To delete existing data all together, simply click on the [Del MS Data] button and all associated data and files are removed. As always, clicking [CLOSE] will close the panel without further processing.

HOWTO - Query Data in the System

To query your data (public and private), use the 'Search My Gels' button below the Projects listing in the left pane once logged in to the site. Use the checkboxes to choose the Projects/Experiments to include in the Query.



HOWTO - Lane Clustering.

When logged in to the system and viewing an Experiment, click on the link "View Lane Clustering." This will open a new page in the web browser with the lanes for each captured protein clustered by matching bands. Hovering the mouse pointer over each image will open a tooltip listing the Reagents for a lane.

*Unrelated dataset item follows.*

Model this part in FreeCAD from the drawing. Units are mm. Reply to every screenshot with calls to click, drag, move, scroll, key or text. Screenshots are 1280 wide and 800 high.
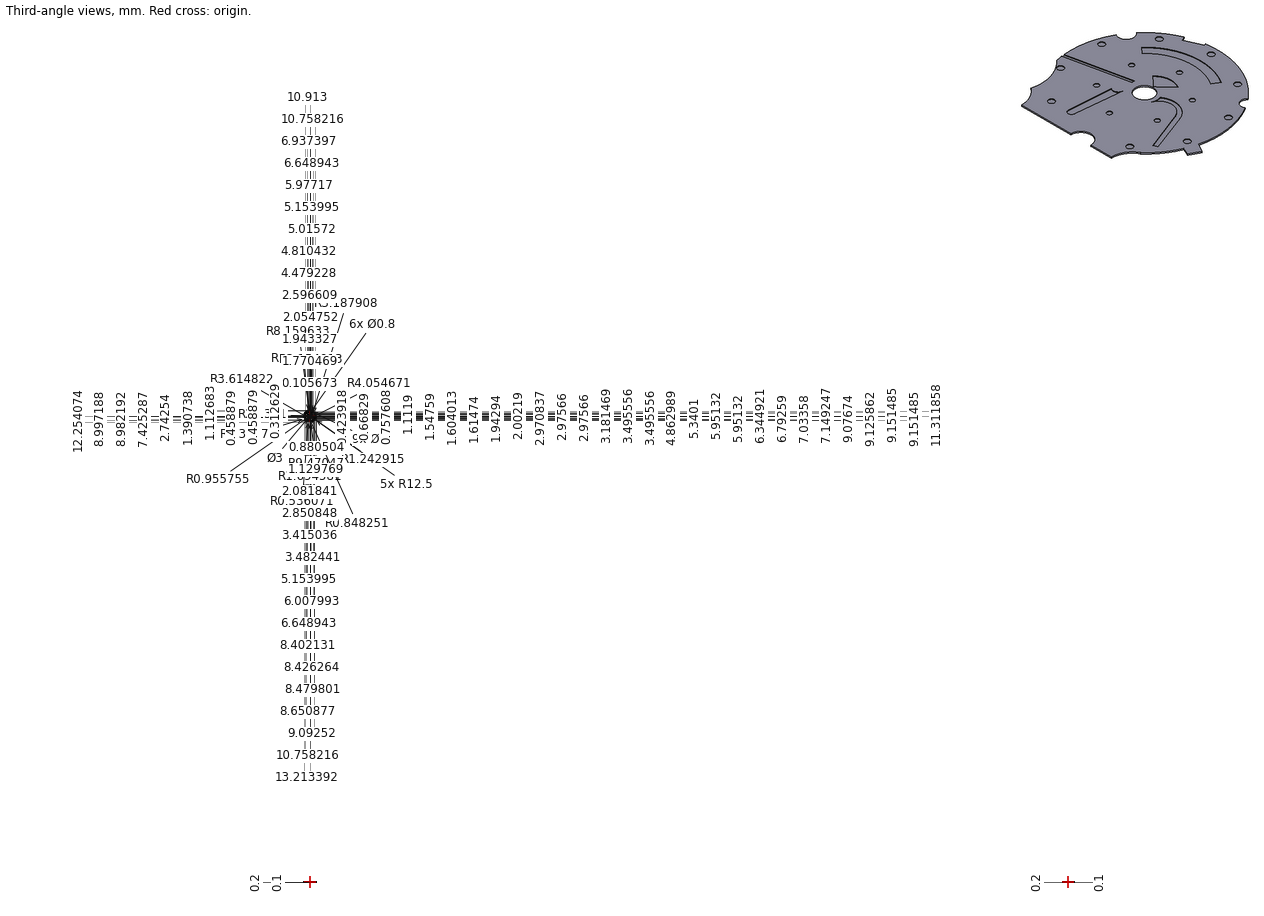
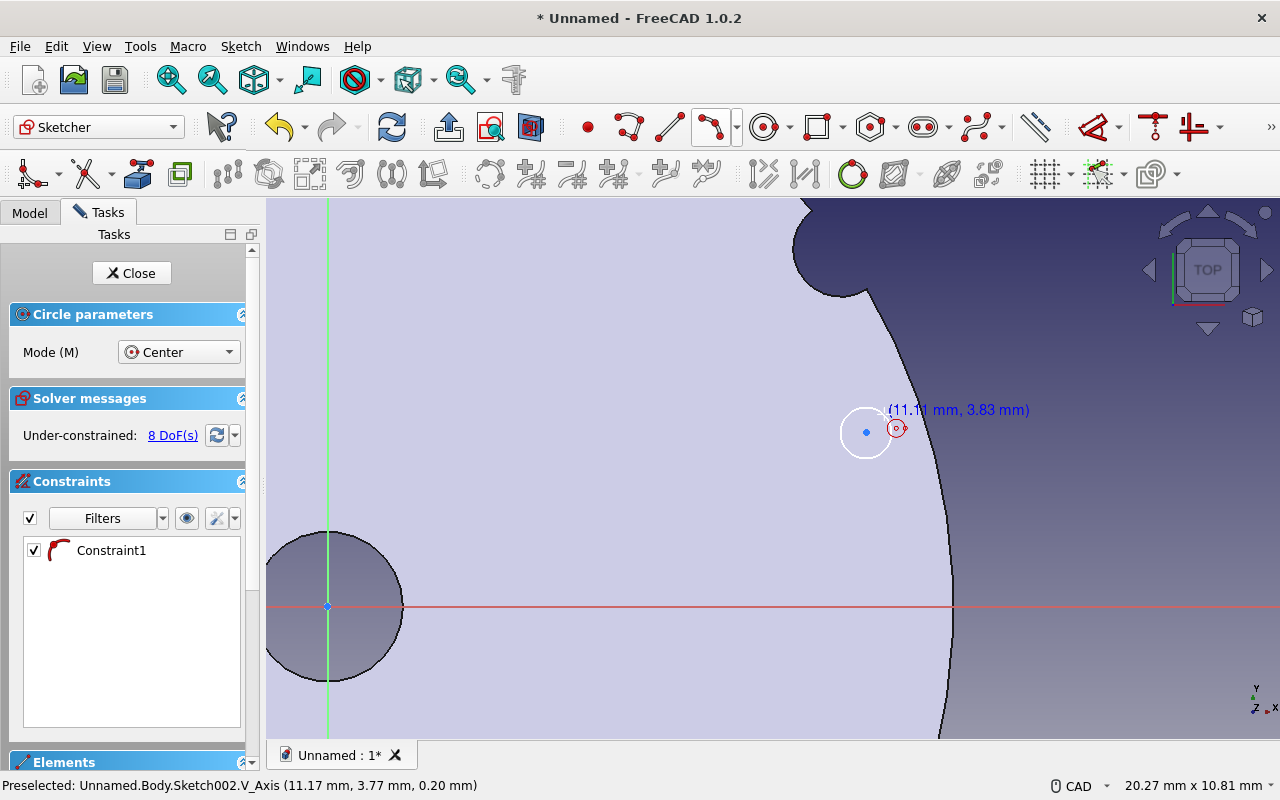
scroll(867, 432, down, 6)

HOWTO - Share Projects/View a Shared Project.

Open an existing Project by clicking on the Project Name in the left hand side tree view. You will see the Project information displayed in the top area of the main viewing pane. Click on the Edit button and a form will be displayed allowing you to Share the Project with one or more users. (hold down Ctrl to select multiple users) Then click Save. These users can now view the Project and the Experiments it contains. Shared Projects can be included in the "Search My Gels" query by selecting them using the check boxes.
If a user has shared his/her project with you, then these will be listed under a separate section in the left hand side viewing pane, titled "Shared Projects." The Projects can be viewed but not altered in any way. With the new Mass Spectrometry update, clicking on a lane or band will show the current data only. The update panel will not be displayed. In addition, the mouse rollover will still function displaying summary data for a lane or band.